Imité du SEAU ENLEVÉ, de TASSONI.




Un soir, couché sur l’herbe et les fleurs, épuisé
Par la chaleur du jour et les travaux champêtres,
Le bel Endymion dormait. L’air apaisé,
À travers le feuillage assombri des grands hêtres,
Agitait sur son front les zéphirs de la nuit.
Soudain, mille petits Amours, troupe lutine,
S’échappent de l’azur, et s’approchent sans bruit,
Se disant « chut » du doigt d’une façon mutine.
Ils viennent dénouer son carquois et son cor,
Ravis et charmés : car, à sa longue paupière,
À l’éclat de son teint, à ses beaux cheveux d’or,
Ils ont pris le berger pour Cupidon, leur frère…

Dans leurs petites mains ils prennent ses cheveux,
Parfument de baisers chaque boucle volage,
Et les font retomber, en anneaux gracieux,
Partagés sur son front, autour de son visage.
Puis tous, avec des fleurs, ils tressent des festons
Pour son front qui sourit aux fantômes du rêve,
Des chaînes pour ses bras et pour ses pieds mignons,
Pour son sein un collier que le sommeil soulève.

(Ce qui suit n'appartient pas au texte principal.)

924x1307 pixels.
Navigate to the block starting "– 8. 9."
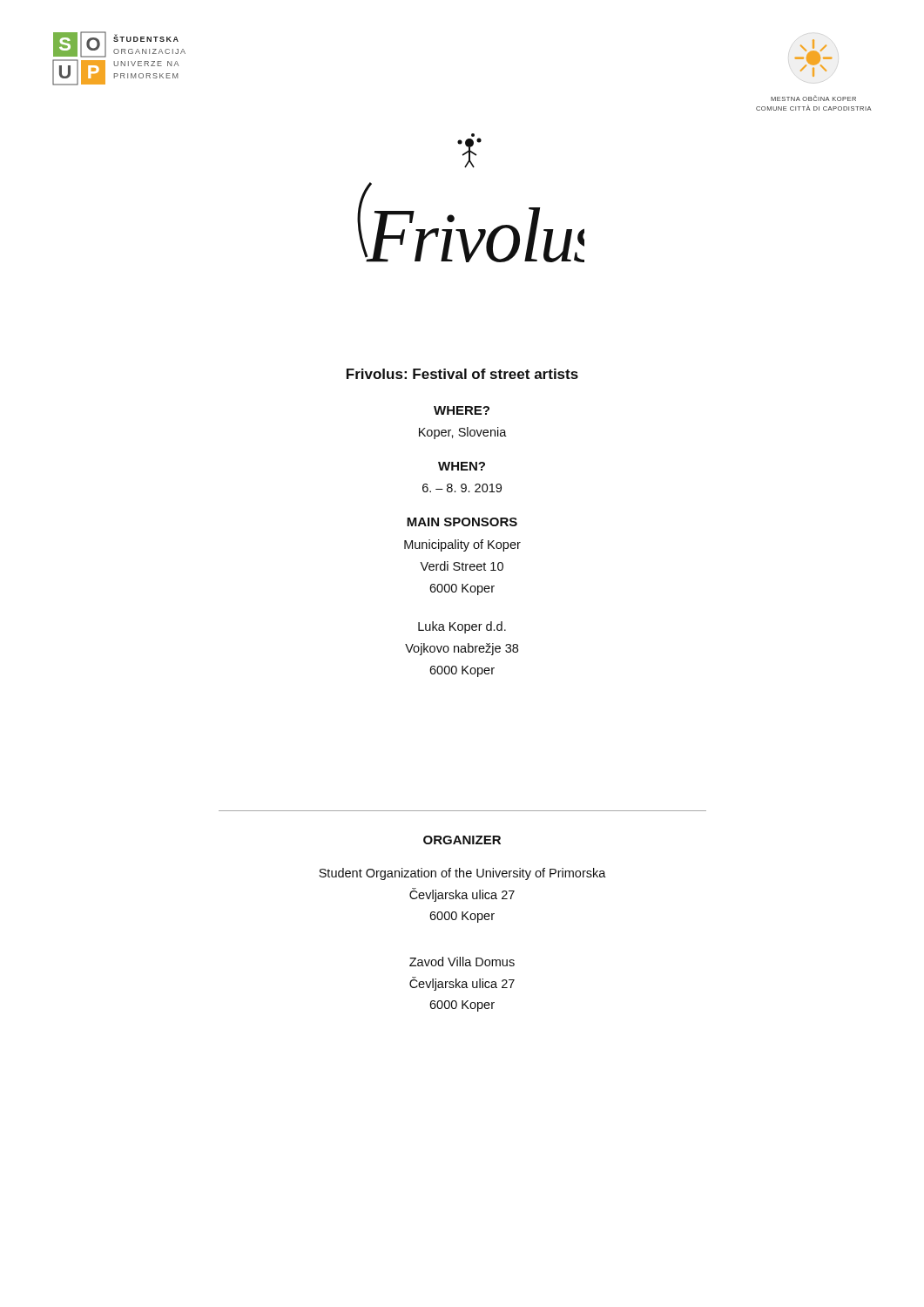pos(462,488)

Mais peut-on comparer, parmi toutes ces fleurs,
L’anémone vermeille à sa bouche amoureuse ?
Le lys, avec la rose, a bien moins de couleurs
Et d’éclat que sa joue aimable et savoureuse.
Partout, l’onde et le vent se taisent : Est-ce un bruit
Que ce concert sublime où chaque être murmure,
Harmonieux soupir que pousse la Nature
Avant de s’endormir dans les bras de la Nuit ?
L’Eau, la Terre et le Ciel, sous l’azur, sous les mousses,
Confondus dans le même accord,
Semblent dire tout bas, de leur mille voix douces :
« Silence ! c’est l’Amour qui dort !… »

Tel, aux plaines d’en-haut, où, dans les nuits sans voiles,
Le Grand-Taureau s’enflamme aux rayons des étoiles,
Sirius, au milieu des astres scintillants,
Éclipse autour de lui ses frères moins brillants,
De même Endymion, charme de la Nature,
Plus beau lui-même que les fleurs,
Au milieu des Amours rieurs,
Resplendit sur son lit tapissé de verdure…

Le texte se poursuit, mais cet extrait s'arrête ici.